▶ [How to complete this task]:
Filter the records below for the word "Units". Copy each line that holds it.

▶ [Collected data entries]:
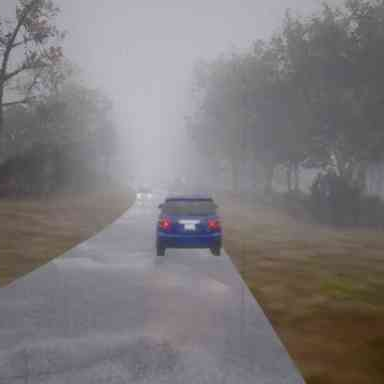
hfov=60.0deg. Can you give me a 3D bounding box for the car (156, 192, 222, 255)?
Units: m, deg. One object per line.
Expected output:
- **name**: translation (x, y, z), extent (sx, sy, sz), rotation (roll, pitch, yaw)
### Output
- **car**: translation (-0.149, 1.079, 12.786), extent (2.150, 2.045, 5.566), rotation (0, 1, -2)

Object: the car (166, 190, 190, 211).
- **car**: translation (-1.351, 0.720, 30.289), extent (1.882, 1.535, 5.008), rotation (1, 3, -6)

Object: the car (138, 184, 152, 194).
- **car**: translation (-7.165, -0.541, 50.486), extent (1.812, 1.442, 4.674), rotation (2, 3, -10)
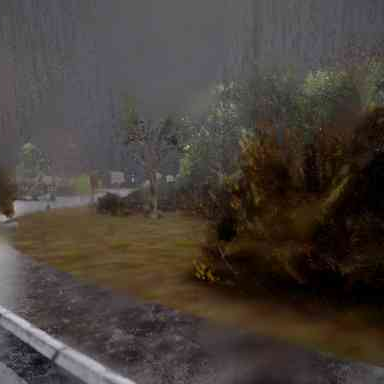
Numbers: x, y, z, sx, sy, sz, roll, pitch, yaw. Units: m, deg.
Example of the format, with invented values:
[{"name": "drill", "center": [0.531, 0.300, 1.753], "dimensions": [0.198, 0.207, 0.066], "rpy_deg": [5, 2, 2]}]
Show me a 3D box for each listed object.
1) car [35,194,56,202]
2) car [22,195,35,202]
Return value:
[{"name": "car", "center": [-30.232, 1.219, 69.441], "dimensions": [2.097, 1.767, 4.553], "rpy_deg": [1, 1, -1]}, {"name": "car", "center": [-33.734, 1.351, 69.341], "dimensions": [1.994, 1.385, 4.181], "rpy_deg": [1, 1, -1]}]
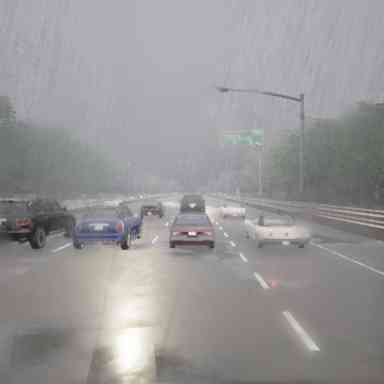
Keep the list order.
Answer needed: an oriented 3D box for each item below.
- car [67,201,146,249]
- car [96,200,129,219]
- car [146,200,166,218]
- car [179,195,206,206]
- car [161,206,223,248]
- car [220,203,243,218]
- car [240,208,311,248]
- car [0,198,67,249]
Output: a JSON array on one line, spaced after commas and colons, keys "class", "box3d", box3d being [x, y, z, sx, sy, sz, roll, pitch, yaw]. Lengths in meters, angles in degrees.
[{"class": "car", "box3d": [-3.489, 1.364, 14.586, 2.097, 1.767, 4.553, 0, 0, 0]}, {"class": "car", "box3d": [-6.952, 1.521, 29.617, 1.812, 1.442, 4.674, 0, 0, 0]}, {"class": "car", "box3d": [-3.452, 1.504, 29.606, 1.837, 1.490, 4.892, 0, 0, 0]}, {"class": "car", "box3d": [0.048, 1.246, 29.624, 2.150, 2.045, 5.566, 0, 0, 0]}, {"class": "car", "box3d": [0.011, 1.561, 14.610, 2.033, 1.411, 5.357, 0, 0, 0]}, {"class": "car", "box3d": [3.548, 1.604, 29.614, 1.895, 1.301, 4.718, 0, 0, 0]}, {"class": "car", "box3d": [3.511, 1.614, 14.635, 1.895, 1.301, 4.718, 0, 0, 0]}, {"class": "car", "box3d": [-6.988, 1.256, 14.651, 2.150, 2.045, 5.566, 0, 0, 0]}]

* * *

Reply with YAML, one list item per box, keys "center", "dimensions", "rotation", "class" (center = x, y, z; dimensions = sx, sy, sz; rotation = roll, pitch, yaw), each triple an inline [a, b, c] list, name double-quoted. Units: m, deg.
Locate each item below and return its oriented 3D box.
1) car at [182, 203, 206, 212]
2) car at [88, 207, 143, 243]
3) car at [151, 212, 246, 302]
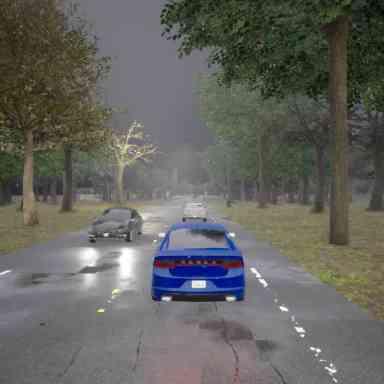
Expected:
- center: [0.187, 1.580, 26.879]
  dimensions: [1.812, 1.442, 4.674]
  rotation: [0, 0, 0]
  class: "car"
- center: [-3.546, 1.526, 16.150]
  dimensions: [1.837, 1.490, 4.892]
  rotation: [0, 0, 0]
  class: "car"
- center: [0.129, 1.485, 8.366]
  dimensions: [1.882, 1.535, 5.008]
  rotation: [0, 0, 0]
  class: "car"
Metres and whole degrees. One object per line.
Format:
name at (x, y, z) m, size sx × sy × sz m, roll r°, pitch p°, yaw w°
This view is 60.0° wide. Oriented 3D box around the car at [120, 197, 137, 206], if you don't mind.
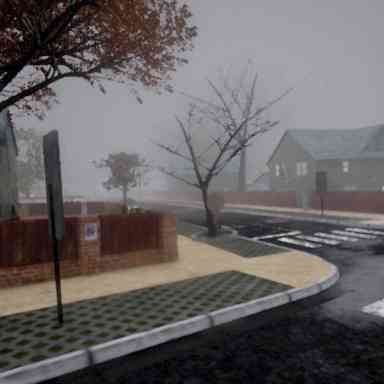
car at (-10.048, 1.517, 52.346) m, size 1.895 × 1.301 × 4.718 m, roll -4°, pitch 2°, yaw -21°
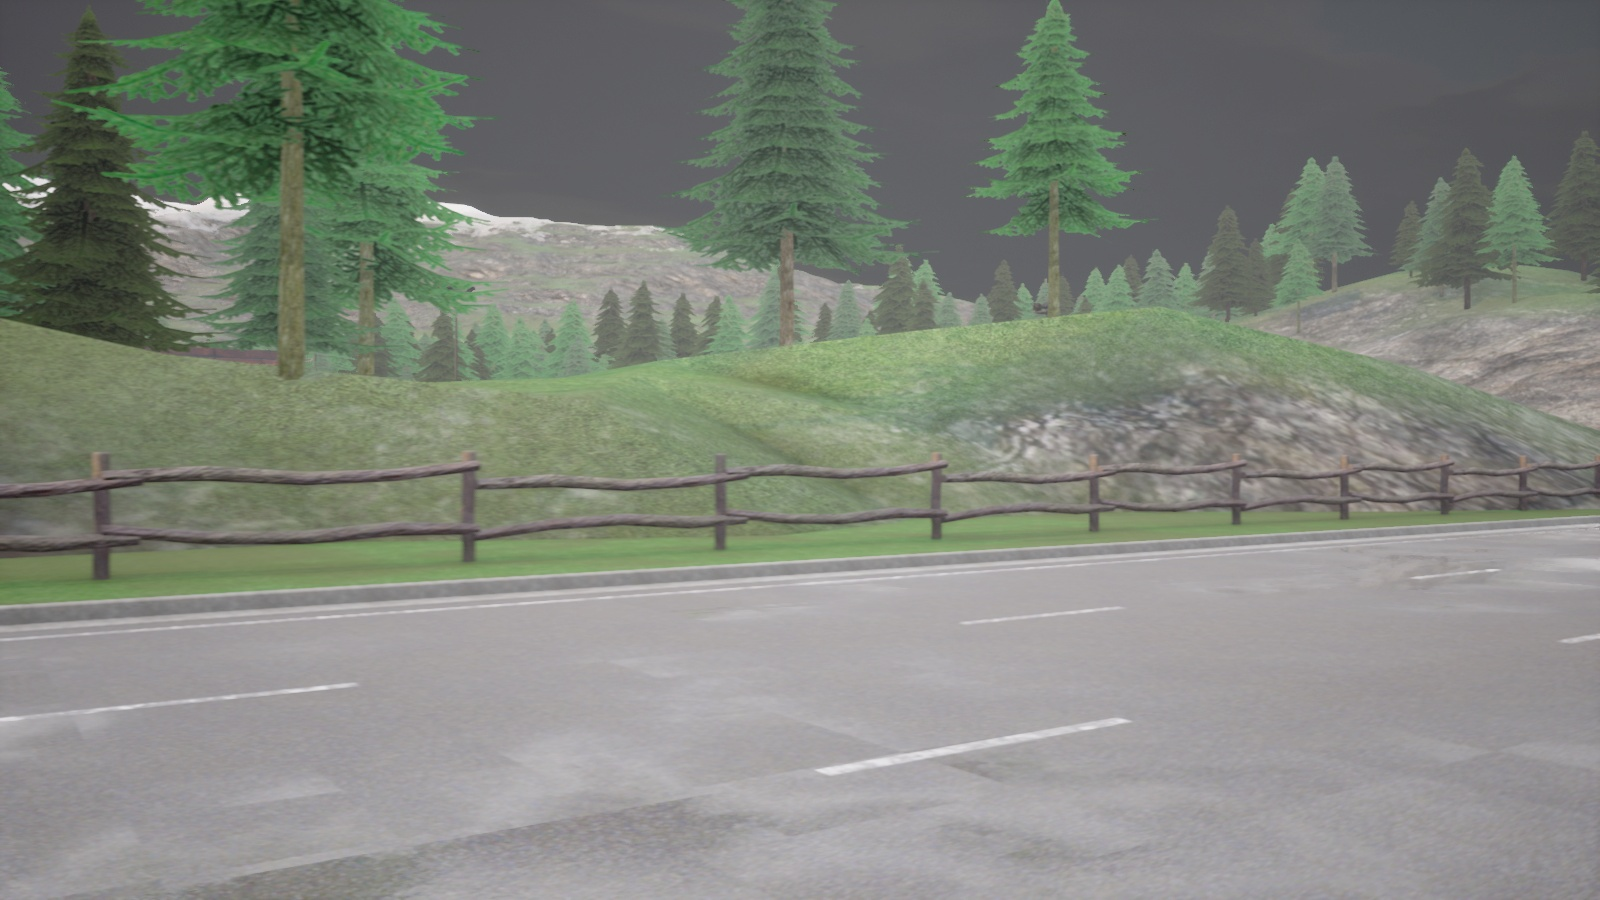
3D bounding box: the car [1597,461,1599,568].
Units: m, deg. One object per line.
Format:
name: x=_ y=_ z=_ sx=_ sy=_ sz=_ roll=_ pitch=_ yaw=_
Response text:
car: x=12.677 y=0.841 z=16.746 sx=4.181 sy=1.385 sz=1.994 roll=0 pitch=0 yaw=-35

▶ [Solution]:
Units: m, deg. One object per line.
Numbers: x, y, z, sx, sy, sz, roll, pitch, yaw. Units: m, deg.
Reply with YAML, one list item per box, keys "center", "dimensions", "rotation", "class" (center = x, y, z; dimensions = sx, sy, sz; rotation = roll, pitch, yaw), each triple an inline [a, b, c] list, name double-quoted. Units: m, deg.
Units: m, deg. One object per line.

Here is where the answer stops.